> **Problem requirements**: Leaving out every picture, please repeat exactly the line that contains "- small box <box>1003,741,1279,959</box>" and each line after it through the final line below.

> **Collected data entries**:

=-=-=

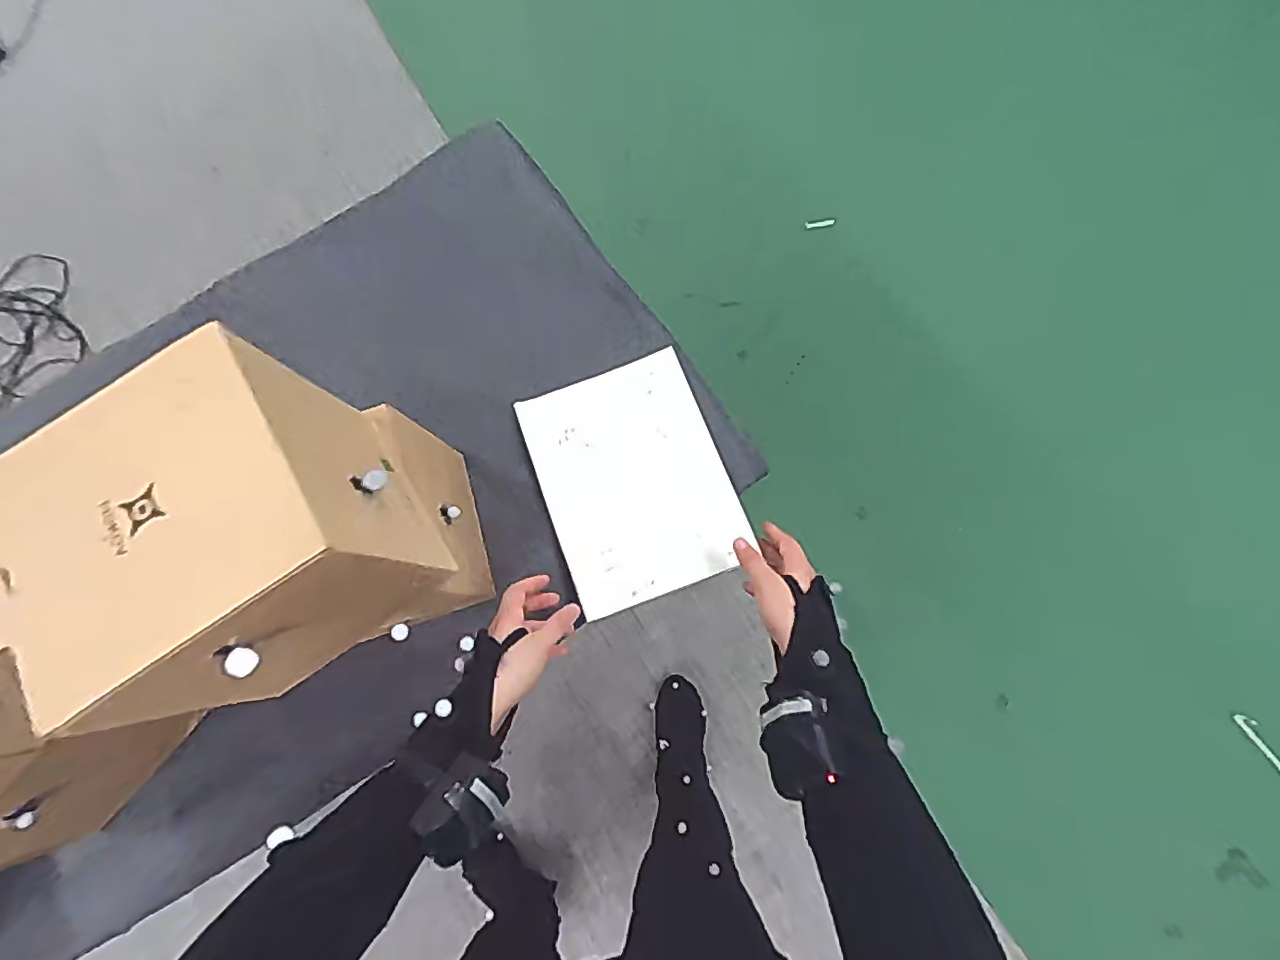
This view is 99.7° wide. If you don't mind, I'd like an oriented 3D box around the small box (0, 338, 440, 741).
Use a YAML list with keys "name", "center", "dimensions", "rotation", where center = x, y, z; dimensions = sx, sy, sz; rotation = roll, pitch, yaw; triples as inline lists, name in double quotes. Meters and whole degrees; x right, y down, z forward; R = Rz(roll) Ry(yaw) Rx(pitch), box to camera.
- name: "small box"
  center: [-0.269, 0.041, 0.380]
  dimensions: [0.179, 0.176, 0.168]
  rotation: [-35, 76, -2]

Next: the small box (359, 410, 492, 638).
- name: "small box"
  center: [-0.271, 0.058, 0.544]
  dimensions: [0.168, 0.176, 0.179]
  rotation: [-19, 77, 2]

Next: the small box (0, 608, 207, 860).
- name: "small box"
  center: [-0.592, 0.245, 0.534]
  dimensions: [0.168, 0.176, 0.179]
  rotation: [39, 84, 11]

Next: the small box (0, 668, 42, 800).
- name: "small box"
  center: [-0.604, 0.213, 0.373]
  dimensions: [0.168, 0.176, 0.179]
  rotation: [42, 84, 11]
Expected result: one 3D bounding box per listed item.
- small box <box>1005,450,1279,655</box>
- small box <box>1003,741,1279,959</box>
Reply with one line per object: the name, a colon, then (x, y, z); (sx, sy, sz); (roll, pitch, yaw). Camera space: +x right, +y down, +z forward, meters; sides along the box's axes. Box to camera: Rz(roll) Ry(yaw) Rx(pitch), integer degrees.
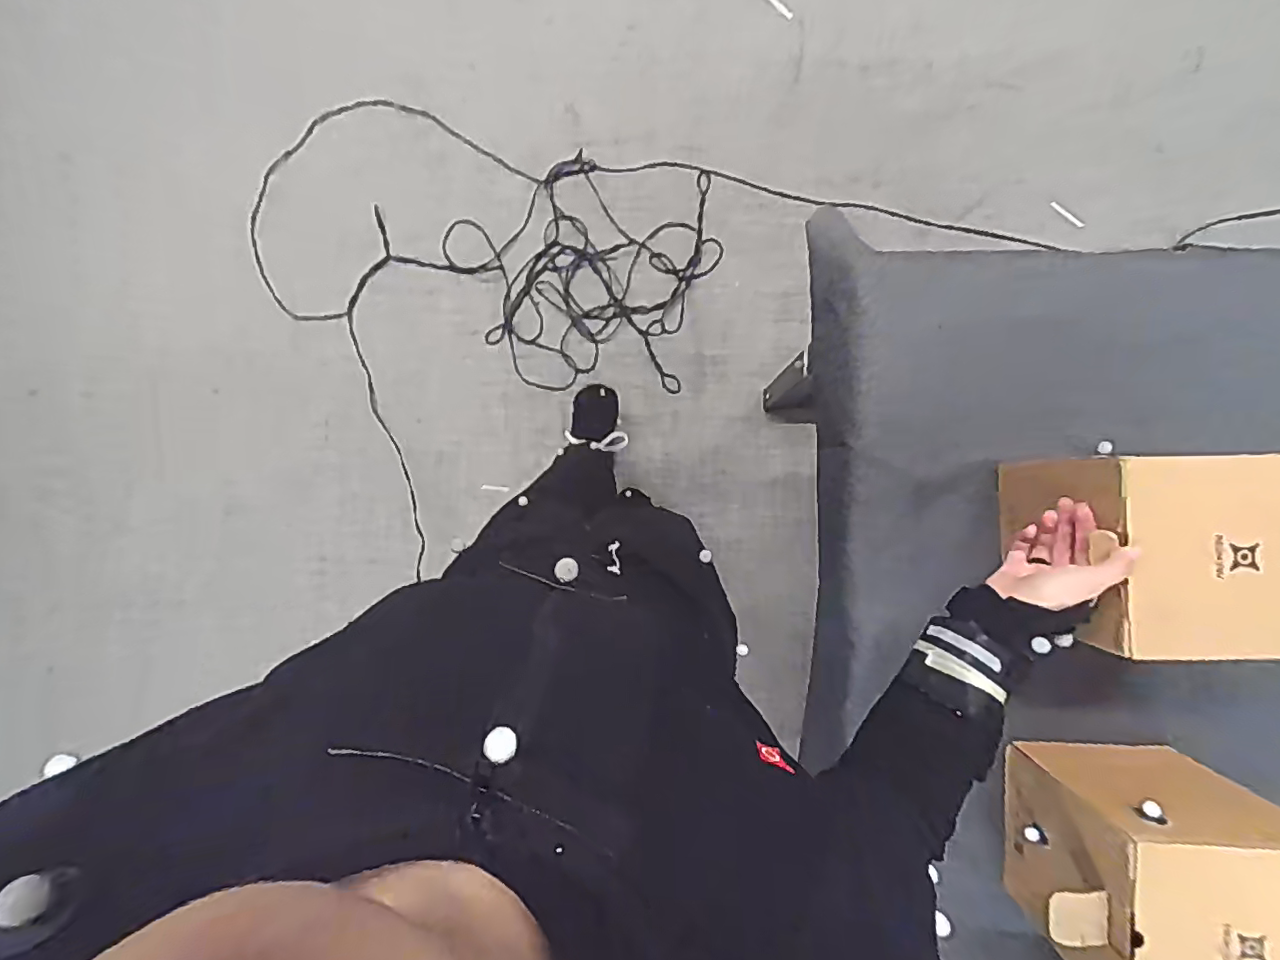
small box: (0.480, 0.057, 0.513); (0.179, 0.176, 0.168); (-1, 91, 2)
small box: (0.489, 0.370, 0.516); (0.179, 0.176, 0.168); (0, 91, 4)
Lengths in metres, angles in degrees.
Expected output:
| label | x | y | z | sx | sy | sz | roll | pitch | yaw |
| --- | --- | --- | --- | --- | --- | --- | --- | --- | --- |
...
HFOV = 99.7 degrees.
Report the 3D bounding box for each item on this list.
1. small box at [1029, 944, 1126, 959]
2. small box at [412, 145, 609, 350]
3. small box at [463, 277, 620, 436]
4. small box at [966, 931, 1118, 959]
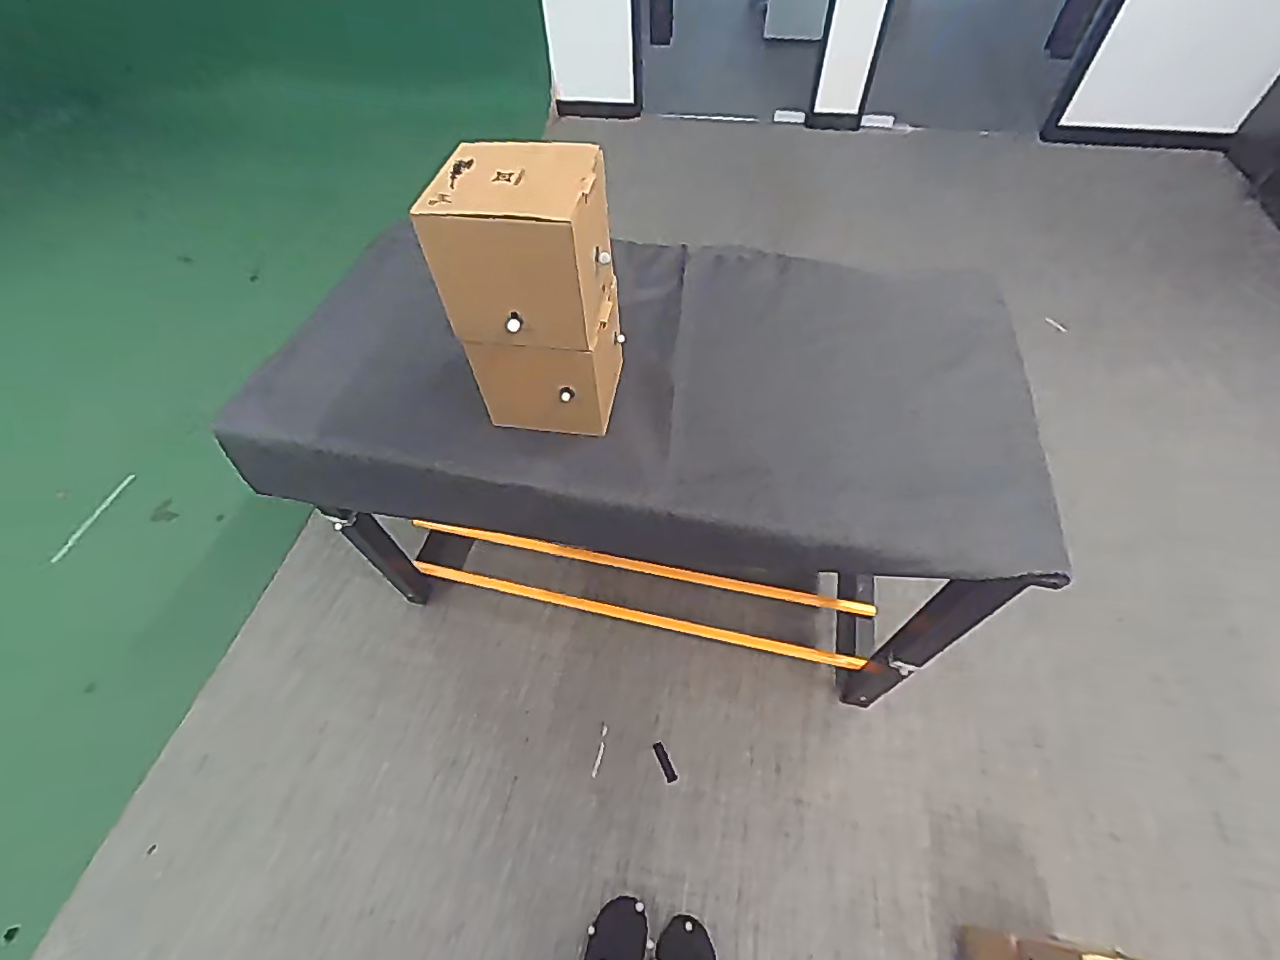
| label | x | y | z | sx | sy | sz | roll | pitch | yaw |
| --- | --- | --- | --- | --- | --- | --- | --- | --- | --- |
| small box | 0.694 | 0.784 | 0.766 | 0.179 | 0.176 | 0.168 | 6 | 56 | 5 |
| small box | -0.138 | -0.279 | 0.661 | 0.179 | 0.176 | 0.168 | 6 | 54 | 6 |
| small box | -0.128 | -0.182 | 0.794 | 0.179 | 0.176 | 0.168 | 5 | 54 | 7 |
| small box | 0.687 | 0.876 | 0.902 | 0.179 | 0.176 | 0.168 | 4 | 55 | 6 |

=-=-=

> **Exercise answer**:
- small box <box>1003,741,1279,959</box>
Reply with one line per object: the name, a colon, then (x, y, z); (sx, sy, sz); (roll, pitch, yaw). Camera space: +x right, +y down, +z forward, meters; sides along the box's axes. Box to camera: Rz(roll) Ry(yaw) Rx(pitch), integer degrees.
small box: (0.480, 0.057, 0.513); (0.179, 0.176, 0.168); (-1, 91, 2)
small box: (0.489, 0.370, 0.516); (0.179, 0.176, 0.168); (0, 91, 4)
Lengths in metres, angles in degrees.
Expected output:
| label | x | y | z | sx | sy | sz | roll | pitch | yaw |
| --- | --- | --- | --- | --- | --- | --- | --- | --- | --- |
...
HFOV = 99.7 degrees.
Report the 3D bounding box for each item on this list.
1. small box at [1029, 944, 1126, 959]
2. small box at [412, 145, 609, 350]
3. small box at [463, 277, 620, 436]
4. small box at [966, 931, 1118, 959]
| label | x | y | z | sx | sy | sz | roll | pitch | yaw |
| --- | --- | --- | --- | --- | --- | --- | --- | --- | --- |
| small box | 0.694 | 0.784 | 0.766 | 0.179 | 0.176 | 0.168 | 6 | 56 | 5 |
| small box | -0.138 | -0.279 | 0.661 | 0.179 | 0.176 | 0.168 | 6 | 54 | 6 |
| small box | -0.128 | -0.182 | 0.794 | 0.179 | 0.176 | 0.168 | 5 | 54 | 7 |
| small box | 0.687 | 0.876 | 0.902 | 0.179 | 0.176 | 0.168 | 4 | 55 | 6 |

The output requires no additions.